Conversely, not enough trauma centers in an area can mean fewer patients are treated within the “golden hour” – the preferred window of time to provide trauma services that most improve the chances for patient recovery. Penn-led research published earlier this year showed that patients who sustain severe head injuries tend to have better outcomes if they are taken to a designated trauma center, but 44 percent of them are first taken to hospitals without those specialized care capabilities. Those results, the authors say, support the need for systematic changes to improve care.

In the new studies, the team analyzed the time to “definitive care” – how long it takes from the moment of injury to when a patient is delivered to a hospital emergency department. In areas like Philadelphia and its suburbs, the average time was around 15 minutes. In rural regions of the state like the Lewistown and State College area (in central PA) and DuBois (located 100 miles northeast of Pittsburgh), the average transport time was four hours or more.

While a solution may seem obvious – open a Level I or II trauma center where needed – the cost for facilities, equipment, and training is high, and it can be challenging to attract high-level surgical specialists like neurosurgeons to rural areas that lack the high volumes of urban or suburban centers. One possible answer might be to encourage community hospitals in areas of need to become lower level trauma centers.

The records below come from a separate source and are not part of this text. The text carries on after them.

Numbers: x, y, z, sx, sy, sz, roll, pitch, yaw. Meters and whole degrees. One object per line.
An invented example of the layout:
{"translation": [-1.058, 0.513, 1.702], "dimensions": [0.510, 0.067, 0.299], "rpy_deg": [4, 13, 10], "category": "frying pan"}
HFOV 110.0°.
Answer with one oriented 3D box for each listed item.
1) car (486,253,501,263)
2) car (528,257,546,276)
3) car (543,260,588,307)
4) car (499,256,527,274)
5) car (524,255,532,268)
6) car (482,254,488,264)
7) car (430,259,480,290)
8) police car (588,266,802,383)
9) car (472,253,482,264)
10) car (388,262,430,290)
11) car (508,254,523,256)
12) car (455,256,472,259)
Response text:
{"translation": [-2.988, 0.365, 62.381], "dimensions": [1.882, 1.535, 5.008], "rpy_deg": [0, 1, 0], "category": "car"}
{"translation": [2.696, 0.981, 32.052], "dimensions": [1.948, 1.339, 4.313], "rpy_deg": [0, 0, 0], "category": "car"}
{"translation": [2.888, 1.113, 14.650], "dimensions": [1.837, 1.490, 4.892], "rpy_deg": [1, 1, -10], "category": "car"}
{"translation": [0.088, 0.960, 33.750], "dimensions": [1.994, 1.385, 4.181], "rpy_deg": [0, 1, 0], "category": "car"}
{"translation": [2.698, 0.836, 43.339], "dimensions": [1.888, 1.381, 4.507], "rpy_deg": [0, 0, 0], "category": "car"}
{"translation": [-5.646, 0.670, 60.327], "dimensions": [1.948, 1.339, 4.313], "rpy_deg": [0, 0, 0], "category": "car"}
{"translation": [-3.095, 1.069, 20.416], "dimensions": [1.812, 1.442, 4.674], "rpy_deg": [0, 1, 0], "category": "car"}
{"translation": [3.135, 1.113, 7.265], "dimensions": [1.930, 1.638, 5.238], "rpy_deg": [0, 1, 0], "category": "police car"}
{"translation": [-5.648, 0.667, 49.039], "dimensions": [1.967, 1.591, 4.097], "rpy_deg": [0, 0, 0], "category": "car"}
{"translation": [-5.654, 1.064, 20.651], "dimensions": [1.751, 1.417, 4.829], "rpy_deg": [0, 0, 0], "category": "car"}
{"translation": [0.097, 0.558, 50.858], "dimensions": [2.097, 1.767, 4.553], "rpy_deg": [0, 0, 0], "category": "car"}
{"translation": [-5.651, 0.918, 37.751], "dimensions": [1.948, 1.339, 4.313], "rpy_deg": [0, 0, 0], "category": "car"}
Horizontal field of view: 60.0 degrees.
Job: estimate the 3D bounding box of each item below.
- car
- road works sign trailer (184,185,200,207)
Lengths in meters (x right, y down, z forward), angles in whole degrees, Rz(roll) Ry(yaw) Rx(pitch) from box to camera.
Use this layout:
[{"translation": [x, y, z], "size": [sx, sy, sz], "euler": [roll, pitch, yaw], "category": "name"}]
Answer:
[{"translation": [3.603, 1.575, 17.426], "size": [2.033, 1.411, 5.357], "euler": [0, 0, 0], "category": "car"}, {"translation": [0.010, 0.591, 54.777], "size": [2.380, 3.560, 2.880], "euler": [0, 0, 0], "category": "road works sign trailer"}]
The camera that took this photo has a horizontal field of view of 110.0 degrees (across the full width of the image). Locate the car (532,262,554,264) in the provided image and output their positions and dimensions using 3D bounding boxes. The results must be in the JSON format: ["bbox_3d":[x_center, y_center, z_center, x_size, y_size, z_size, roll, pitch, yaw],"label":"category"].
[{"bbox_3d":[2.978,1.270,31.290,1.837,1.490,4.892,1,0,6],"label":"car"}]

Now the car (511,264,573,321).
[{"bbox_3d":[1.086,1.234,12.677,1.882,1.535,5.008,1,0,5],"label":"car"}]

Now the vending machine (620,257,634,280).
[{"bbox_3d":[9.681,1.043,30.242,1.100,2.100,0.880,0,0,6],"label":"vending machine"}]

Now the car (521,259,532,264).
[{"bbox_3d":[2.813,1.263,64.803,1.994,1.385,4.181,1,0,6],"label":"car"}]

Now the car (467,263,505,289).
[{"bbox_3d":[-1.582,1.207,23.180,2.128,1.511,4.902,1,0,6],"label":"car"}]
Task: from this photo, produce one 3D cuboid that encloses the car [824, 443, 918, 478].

“If we can use that 15 to 30 minutes of transport time to get a critically injured patient to a Level III or IV center, they can be stabilized, receive fluids and blood transfusions, and be prepped for transport to a major trauma center. The likelihood is that we can potentially save some lives,” Horst said.

The LG Health Research Institute has shared its findings at national trauma conferences, where a number of people from other states expressed interest in adopting a similar expansion model. The Institute is now looking at pediatric trauma centers and geriatric trauma data to determine if and how specific needs within those populations can be met more efficiently.

“The PTSF has acted responsibly to address where trauma centers are needed to further protect lives and seeks to find incentives for rural hospitals to develop trauma response programs and centers,” Schwab said. “This latest research advances that effort.”

Editor’s Note: The Pennsylvania Health Care Cost Containment Council (PHC4) supplied inpatient admission data for the years 2003 to 2015 and the PTSF supplied trauma admission data for the same time period.